= Abdou Latif Guèye =

Senegalese politician (1956–2008)

Abdou Latif Guèye (March 4, 1956 - April 6, 2008) was a Senegalese politician. He was Secretary-General of the Senegalese Democratic Rally (RDS), as well as the head of Jamra, a non-governmental organization. He was the Sixth Vice-president of the National Assembly of Senegal from 2007 to 2008.

==Life and career==
Guèye was born in Dakar. In his youth he was active in politics, participating in clandestine Marxist–Leninist groups; he was arrested for "subversive activities" when he was 17. He joined Cheikh Anta Diop's National Democratic Rally when it was founded in 1976. He ended his political activities in 1982 to devote himself to civil society and journalism. In 1983, he founded Jamra, a monthly magazine that was the "first Senegalese review on social issues", and in 1984 he became editor-in-chief of the weekly newspaper Walfadjri.
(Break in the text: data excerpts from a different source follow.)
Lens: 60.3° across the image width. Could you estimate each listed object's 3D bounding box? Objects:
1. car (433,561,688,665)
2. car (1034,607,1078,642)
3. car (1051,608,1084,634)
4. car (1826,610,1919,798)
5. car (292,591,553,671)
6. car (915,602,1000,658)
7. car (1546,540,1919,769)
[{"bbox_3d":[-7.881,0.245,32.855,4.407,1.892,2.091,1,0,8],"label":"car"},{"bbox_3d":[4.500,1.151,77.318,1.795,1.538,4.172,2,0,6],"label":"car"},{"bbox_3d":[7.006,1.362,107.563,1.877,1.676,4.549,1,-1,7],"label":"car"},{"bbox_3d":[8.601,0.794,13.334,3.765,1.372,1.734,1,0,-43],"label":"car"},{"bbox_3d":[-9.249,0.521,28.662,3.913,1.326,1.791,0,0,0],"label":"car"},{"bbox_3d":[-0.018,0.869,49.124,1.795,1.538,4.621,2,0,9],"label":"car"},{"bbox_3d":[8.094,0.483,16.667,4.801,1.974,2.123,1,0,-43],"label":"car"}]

For more than 20 years, he was the Executive President of Jamra, an Islamic NGO devoted to fighting "social evils", particularly drugs and sexually transmitted diseases. He founded the first Center for Documentation and Information on Drug Abuse and AIDS in 1987.

Guèye and Jamra entered politics on the side of the opposition in 1999, supporting Abdoulaye Wade's successful candidacy in the 2000 presidential election. He was named as the leader of a political party, the Senegalese Democratic Rally (RDS), on May 9, 2000, and in the same month President Wade appointed him as Special Advisor to the President of the Republic, with the rank of Ambassador. Accused of trafficking antiretroviral medicine, he was dismissed from his post as Special Advisor in October 2002. He was imprisoned from June 2003 to August 2004, at which point he was rehabilitated by the justice system.

The RDS joined the CAP 21 coalition of parties supporting President Wade in December 2006, and Guèye was elected to the National Assembly in the June 2007 parliamentary election through national list proportional representation as a candidate of the pro-Wade Sopi Coalition. In the National Assembly, he was elected as its Sixth Vice-president.

== Later life and death ==
In early 2008, shortly before his death, Guèye sent a letter of protest to the Dutch embassy regarding Fitna, a Dutch film considered hostile to Islam. He was killed in a traffic accident on National Road No. 1 while travelling to Tambacounda, in the east of Senegal, on the night of April 5-6 2008.